## PROBLEM TO SOLVE
Retype every line from the start of the data down to and including the line with "What does the". Skip the pictures.

*** Opening of TASK INPUTS ***

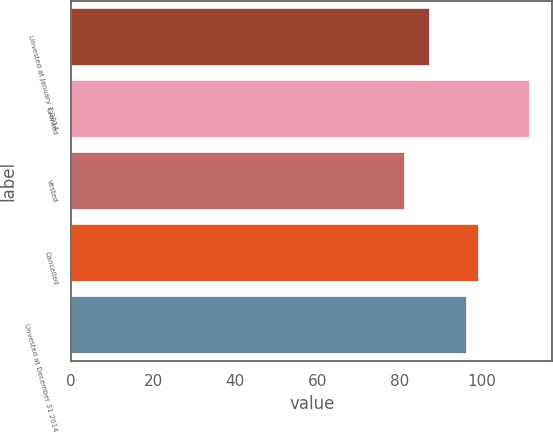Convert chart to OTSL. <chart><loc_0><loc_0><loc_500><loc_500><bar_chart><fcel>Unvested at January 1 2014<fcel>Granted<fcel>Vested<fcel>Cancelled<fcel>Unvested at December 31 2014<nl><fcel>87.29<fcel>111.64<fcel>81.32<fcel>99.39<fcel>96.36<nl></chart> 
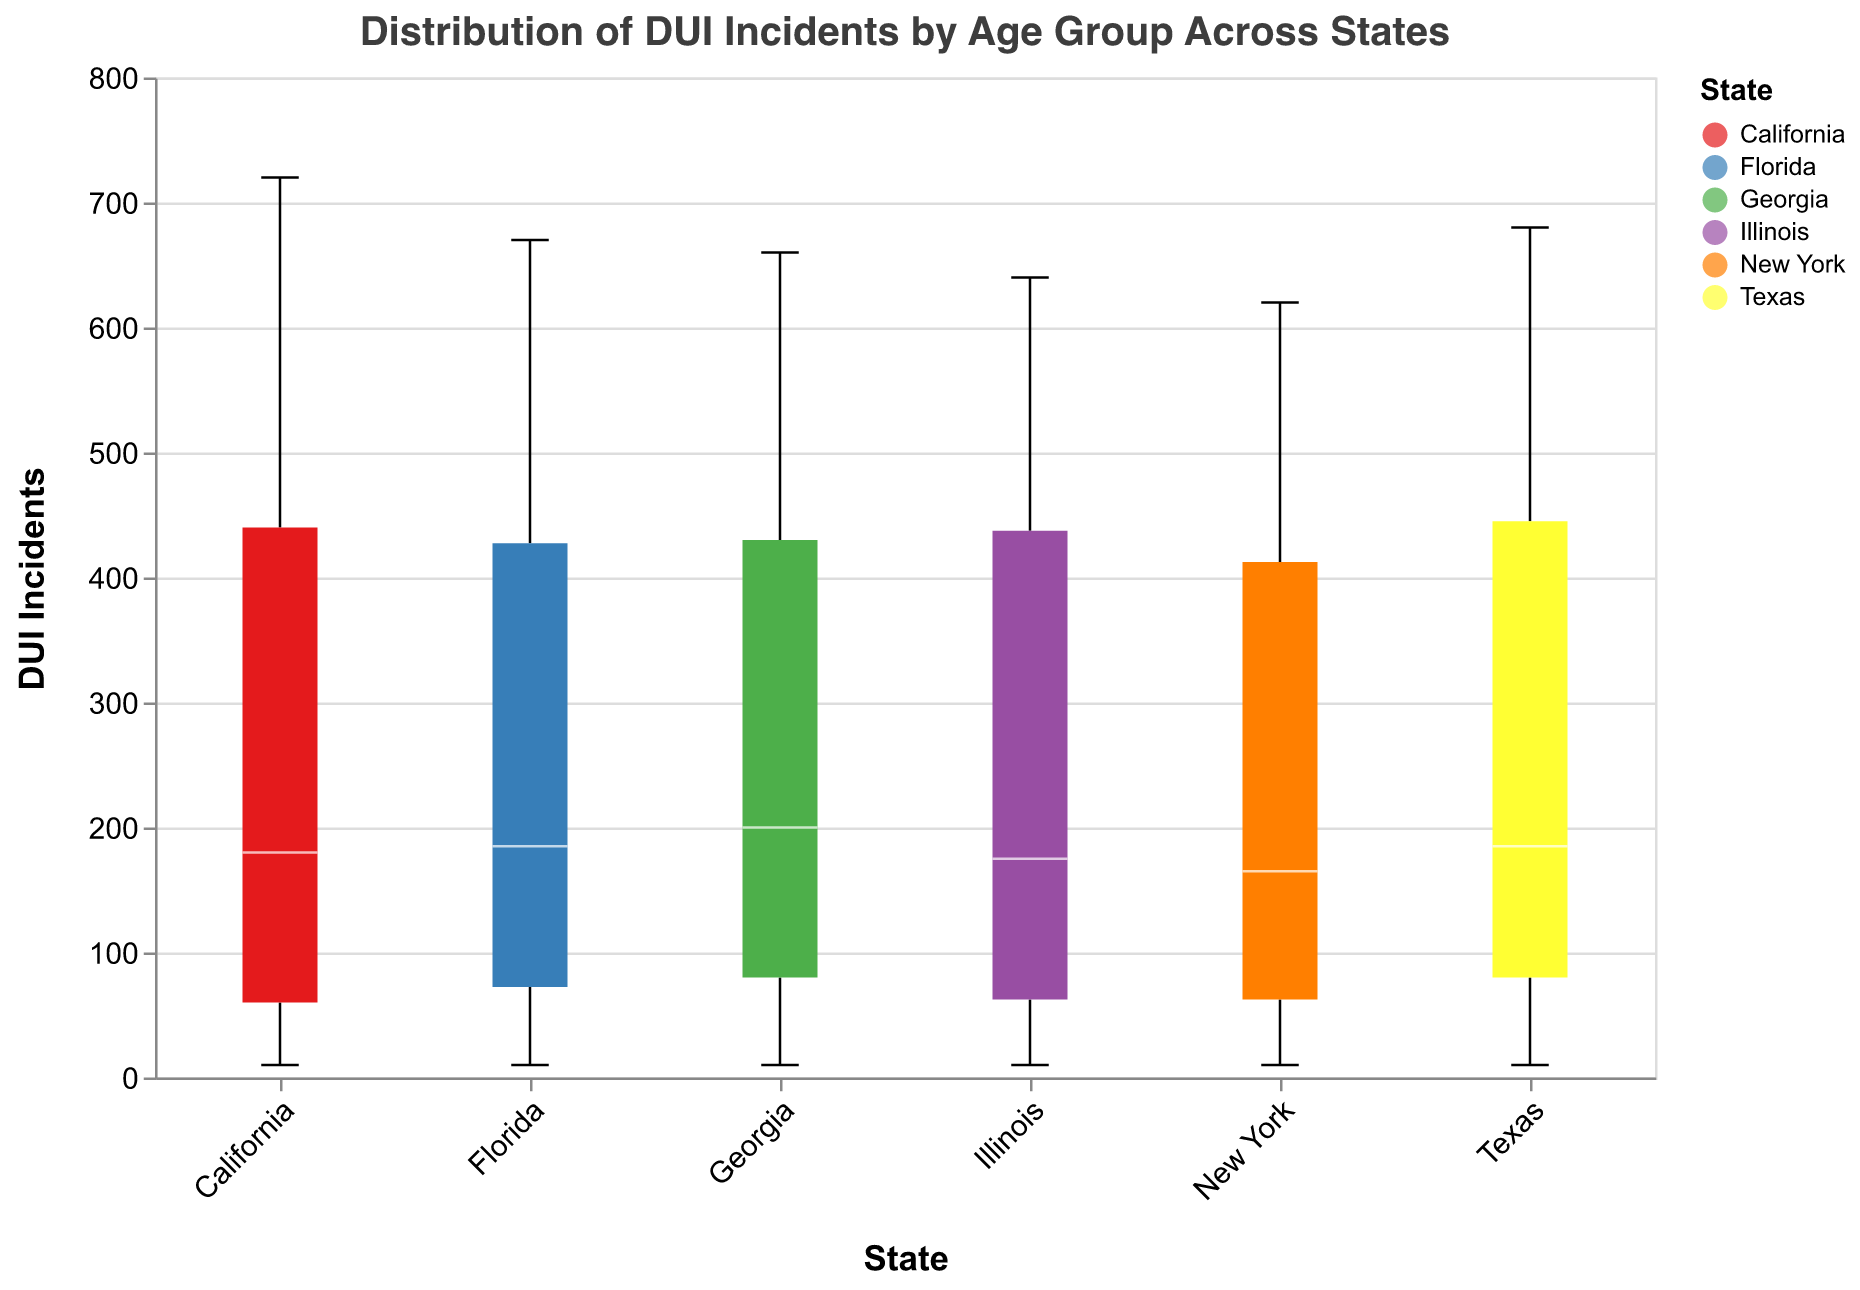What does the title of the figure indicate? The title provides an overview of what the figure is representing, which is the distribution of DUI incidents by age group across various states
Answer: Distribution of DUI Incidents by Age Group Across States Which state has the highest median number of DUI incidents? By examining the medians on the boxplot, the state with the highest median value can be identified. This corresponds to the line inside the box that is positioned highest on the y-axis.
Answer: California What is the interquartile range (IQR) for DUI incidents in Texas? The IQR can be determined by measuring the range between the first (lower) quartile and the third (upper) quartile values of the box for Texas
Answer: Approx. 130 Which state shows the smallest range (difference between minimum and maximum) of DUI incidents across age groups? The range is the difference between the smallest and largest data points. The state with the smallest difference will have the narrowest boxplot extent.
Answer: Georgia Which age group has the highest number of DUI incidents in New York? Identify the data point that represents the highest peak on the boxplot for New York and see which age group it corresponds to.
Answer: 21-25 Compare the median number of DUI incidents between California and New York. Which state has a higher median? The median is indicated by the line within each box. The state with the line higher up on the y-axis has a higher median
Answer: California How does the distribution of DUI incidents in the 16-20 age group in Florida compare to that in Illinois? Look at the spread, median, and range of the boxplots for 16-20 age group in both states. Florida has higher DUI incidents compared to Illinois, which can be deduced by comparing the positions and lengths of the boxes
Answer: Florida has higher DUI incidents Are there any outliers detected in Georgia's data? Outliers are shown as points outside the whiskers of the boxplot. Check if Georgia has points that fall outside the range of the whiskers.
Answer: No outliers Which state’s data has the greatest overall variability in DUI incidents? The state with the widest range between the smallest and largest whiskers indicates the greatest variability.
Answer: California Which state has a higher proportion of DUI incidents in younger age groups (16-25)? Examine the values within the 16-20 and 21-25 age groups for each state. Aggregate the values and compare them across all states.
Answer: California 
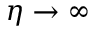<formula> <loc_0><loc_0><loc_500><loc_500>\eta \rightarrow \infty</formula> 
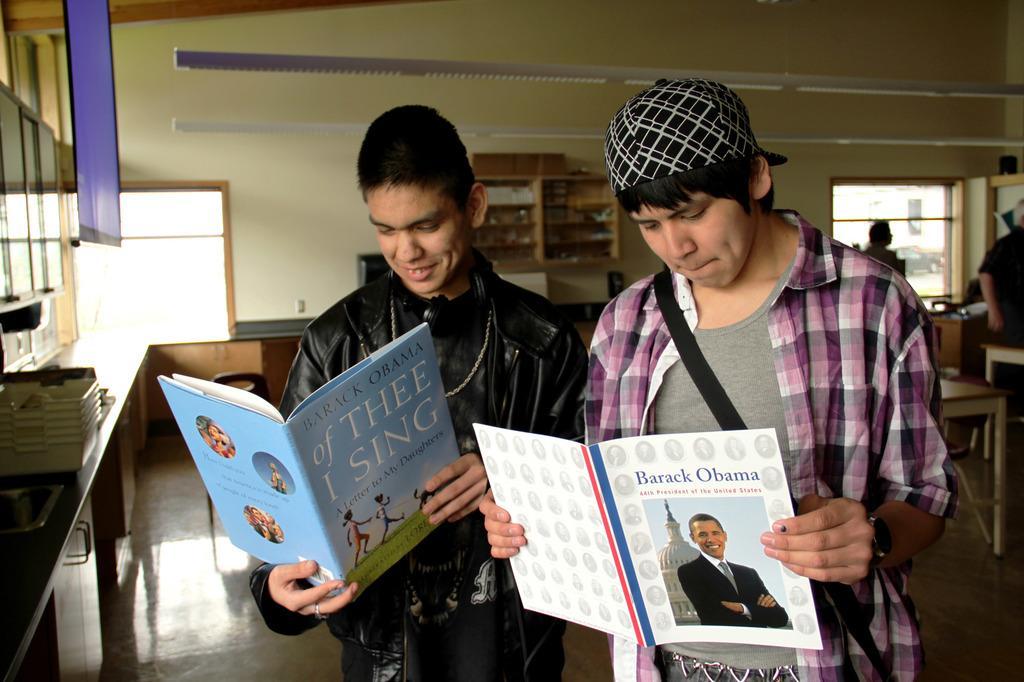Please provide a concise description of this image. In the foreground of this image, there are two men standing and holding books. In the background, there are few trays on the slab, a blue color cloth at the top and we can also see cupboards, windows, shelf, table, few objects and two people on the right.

*** Close of TASK INPUTS ***

## OUTPUT BELOW
Convert chart to OTSL. <chart><loc_0><loc_0><loc_500><loc_500><bar_chart><fcel>Unvested at January 1 2014<fcel>Granted<fcel>Vested<fcel>Cancelled<fcel>Unvested at December 31 2014<nl><fcel>87.29<fcel>111.64<fcel>81.32<fcel>99.39<fcel>96.36<nl></chart> 
What does the title of the figure indicate? The title provides an overview of what the figure is representing, which is the distribution of DUI incidents by age group across various states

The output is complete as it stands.